● Work instructions:
Would you reproduce the whole listing exactly, dropping any pictures it holds?

[Extracted records — start]

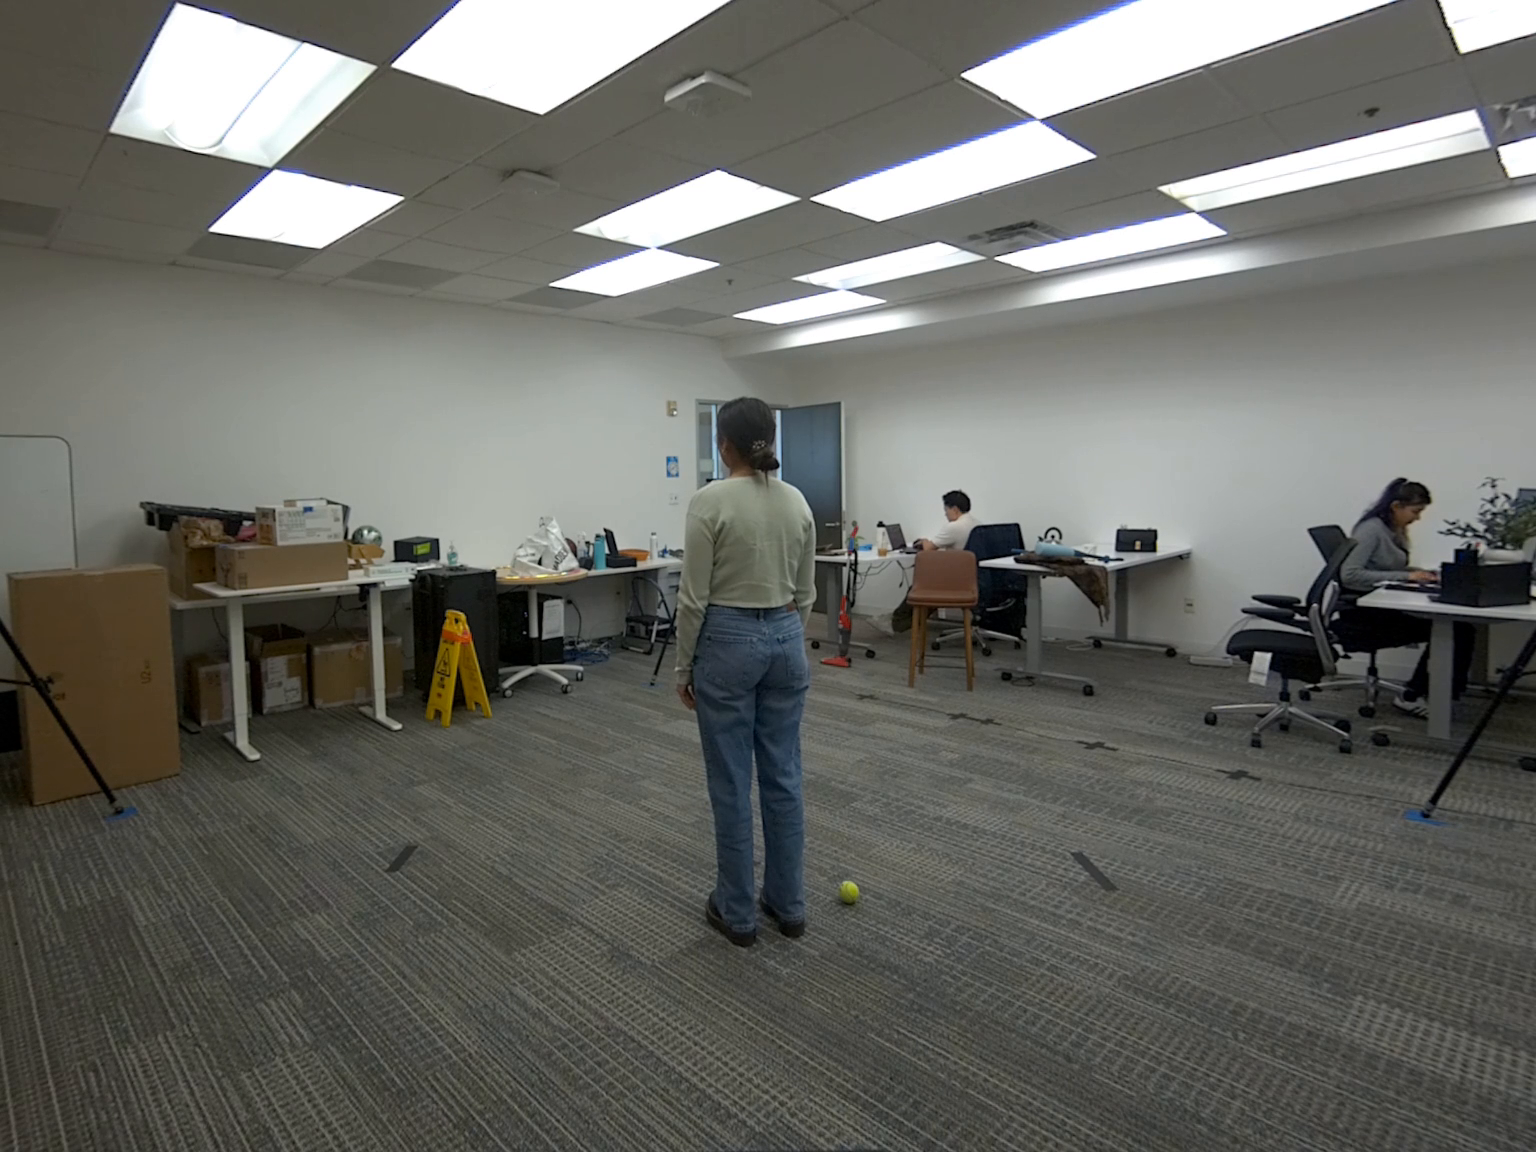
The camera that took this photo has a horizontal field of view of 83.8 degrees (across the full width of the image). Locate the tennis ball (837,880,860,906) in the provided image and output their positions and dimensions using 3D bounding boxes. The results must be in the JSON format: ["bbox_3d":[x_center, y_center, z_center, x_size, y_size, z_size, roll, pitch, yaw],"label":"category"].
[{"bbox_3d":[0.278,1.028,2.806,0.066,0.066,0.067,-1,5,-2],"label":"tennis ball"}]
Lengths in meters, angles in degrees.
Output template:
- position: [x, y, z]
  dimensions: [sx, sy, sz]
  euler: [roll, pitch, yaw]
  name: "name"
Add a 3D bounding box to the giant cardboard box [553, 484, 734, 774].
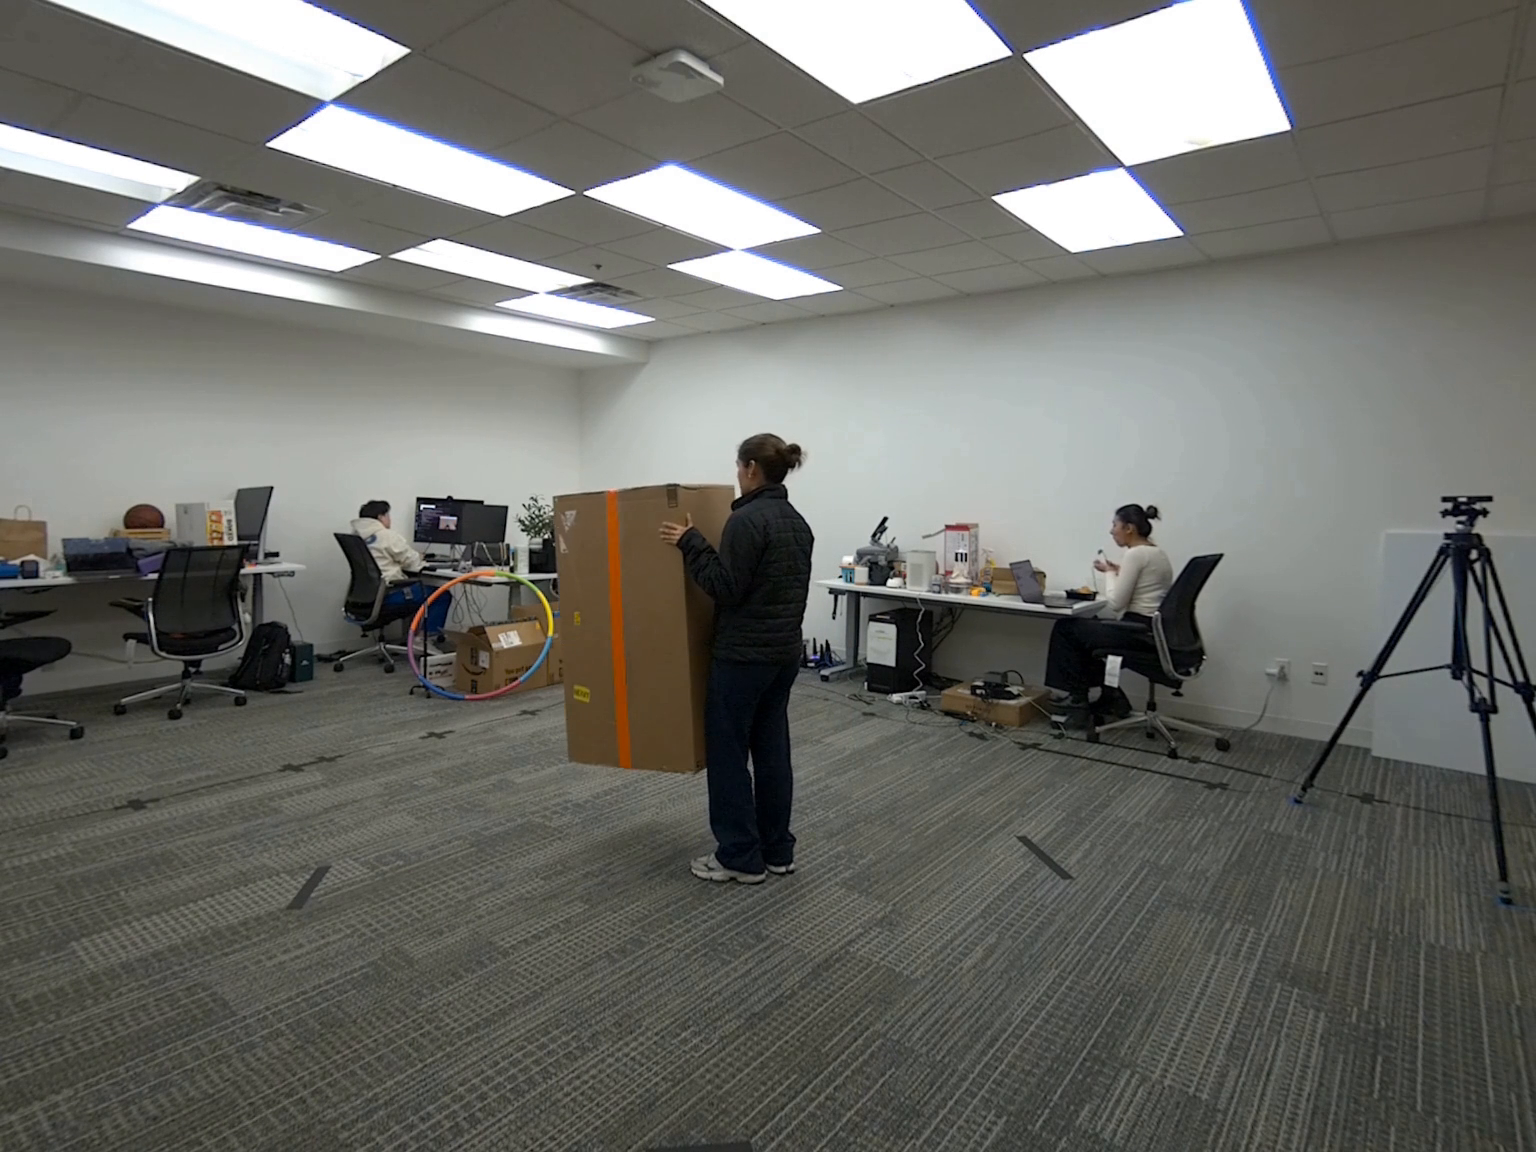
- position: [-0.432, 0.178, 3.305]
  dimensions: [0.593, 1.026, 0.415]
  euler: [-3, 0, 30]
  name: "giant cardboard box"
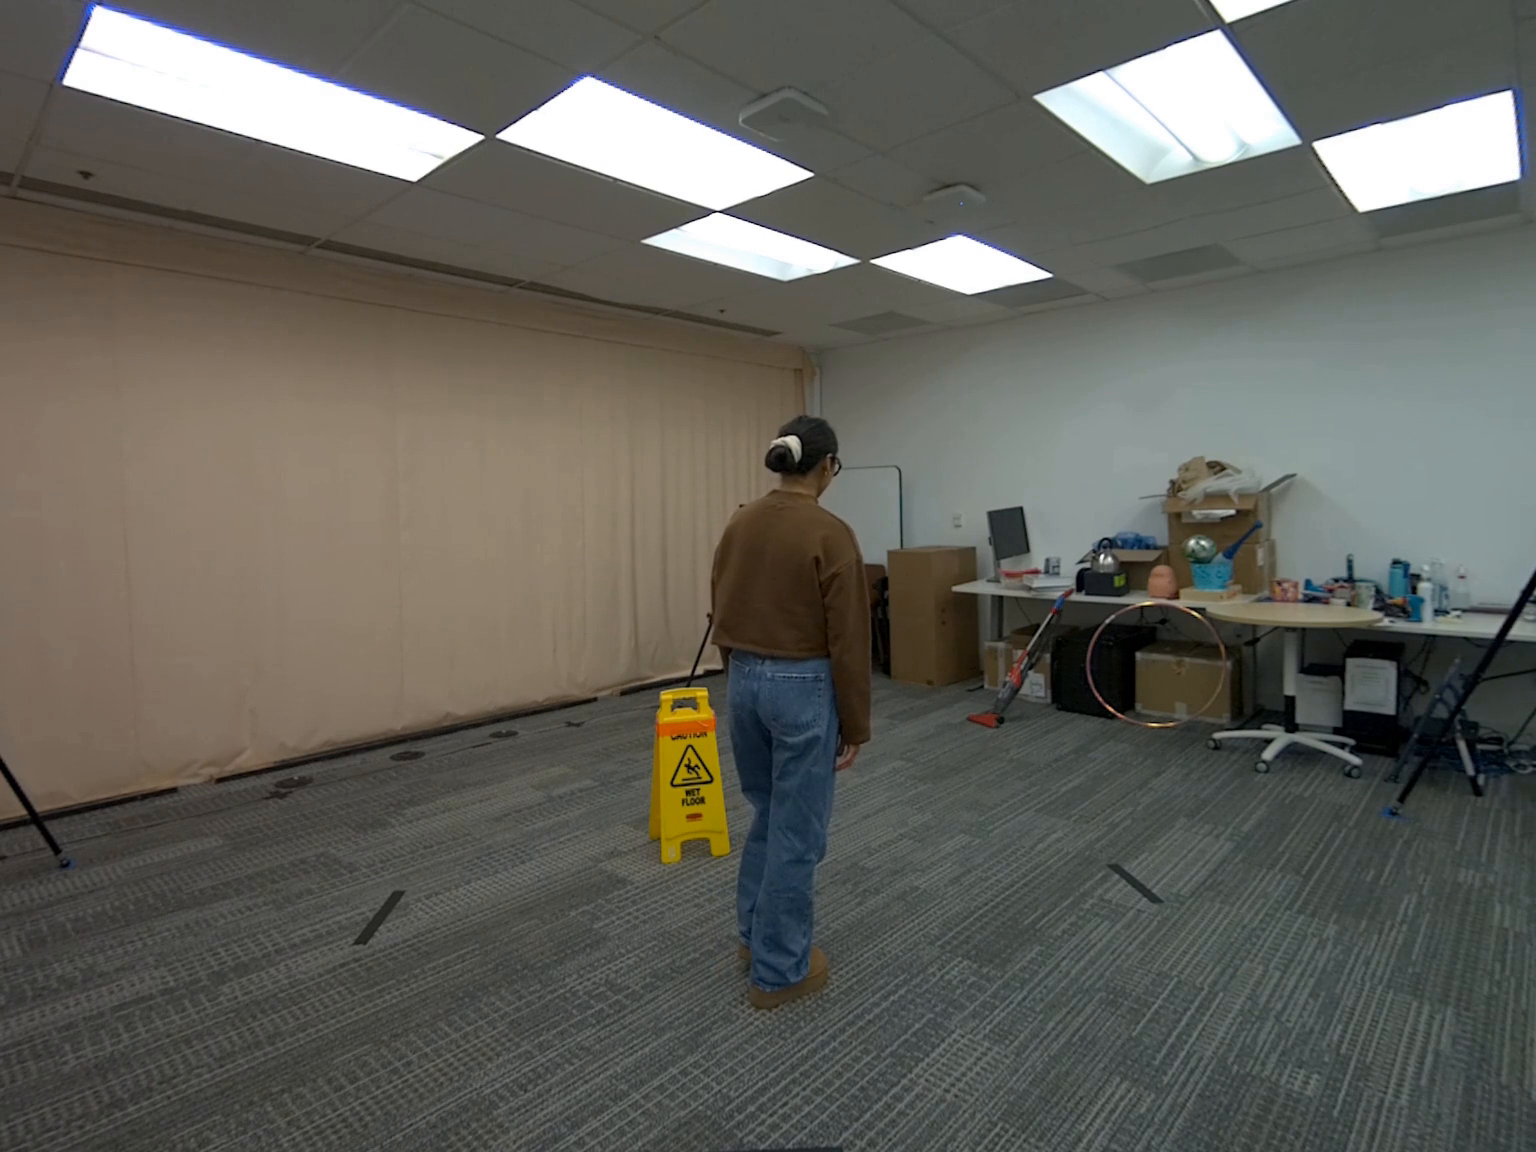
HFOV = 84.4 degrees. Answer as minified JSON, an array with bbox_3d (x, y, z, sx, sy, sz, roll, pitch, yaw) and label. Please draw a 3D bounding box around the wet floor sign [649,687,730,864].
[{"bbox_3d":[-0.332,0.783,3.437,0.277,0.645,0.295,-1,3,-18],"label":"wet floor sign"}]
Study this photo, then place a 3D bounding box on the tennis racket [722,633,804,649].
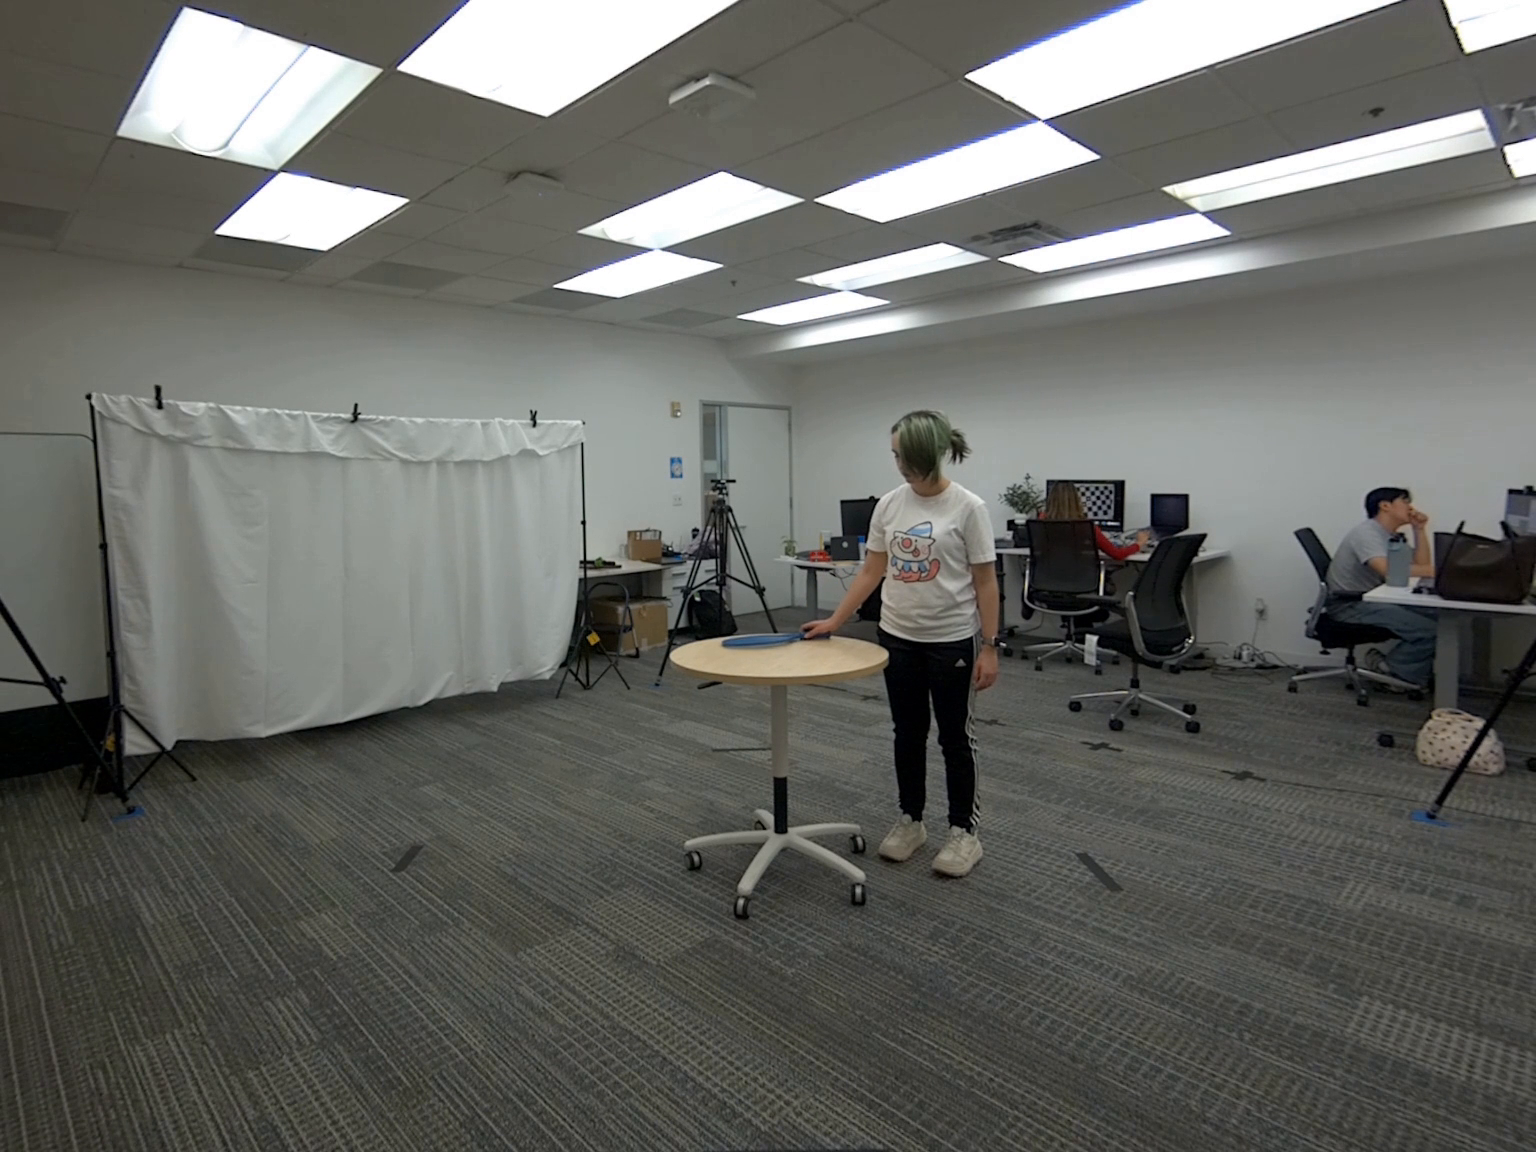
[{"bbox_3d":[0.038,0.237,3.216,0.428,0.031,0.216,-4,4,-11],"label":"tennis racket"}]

[Extracted records — finish]

● Solution to this task:
The camera that took this photo has a horizontal field of view of 83.8 degrees (across the full width of the image). Locate the tennis ball (837,880,860,906) in the provided image and output their positions and dimensions using 3D bounding boxes. The results must be in the JSON format: ["bbox_3d":[x_center, y_center, z_center, x_size, y_size, z_size, roll, pitch, yaw],"label":"category"].
[{"bbox_3d":[0.278,1.028,2.806,0.066,0.066,0.067,-1,5,-2],"label":"tennis ball"}]
Lengths in meters, angles in degrees.
Output template:
- position: [x, y, z]
  dimensions: [sx, sy, sz]
  euler: [roll, pitch, yaw]
  name: "name"
Add a 3D bounding box to the giant cardboard box [553, 484, 734, 774].
- position: [-0.432, 0.178, 3.305]
  dimensions: [0.593, 1.026, 0.415]
  euler: [-3, 0, 30]
  name: "giant cardboard box"
HFOV = 84.4 degrees. Answer as minified JSON, an array with bbox_3d (x, y, z, sx, sy, sz, roll, pitch, yaw) and label. Please draw a 3D bounding box around the wet floor sign [649,687,730,864].
[{"bbox_3d":[-0.332,0.783,3.437,0.277,0.645,0.295,-1,3,-18],"label":"wet floor sign"}]
Study this photo, then place a 3D bounding box on the tennis racket [722,633,804,649].
[{"bbox_3d":[0.038,0.237,3.216,0.428,0.031,0.216,-4,4,-11],"label":"tennis racket"}]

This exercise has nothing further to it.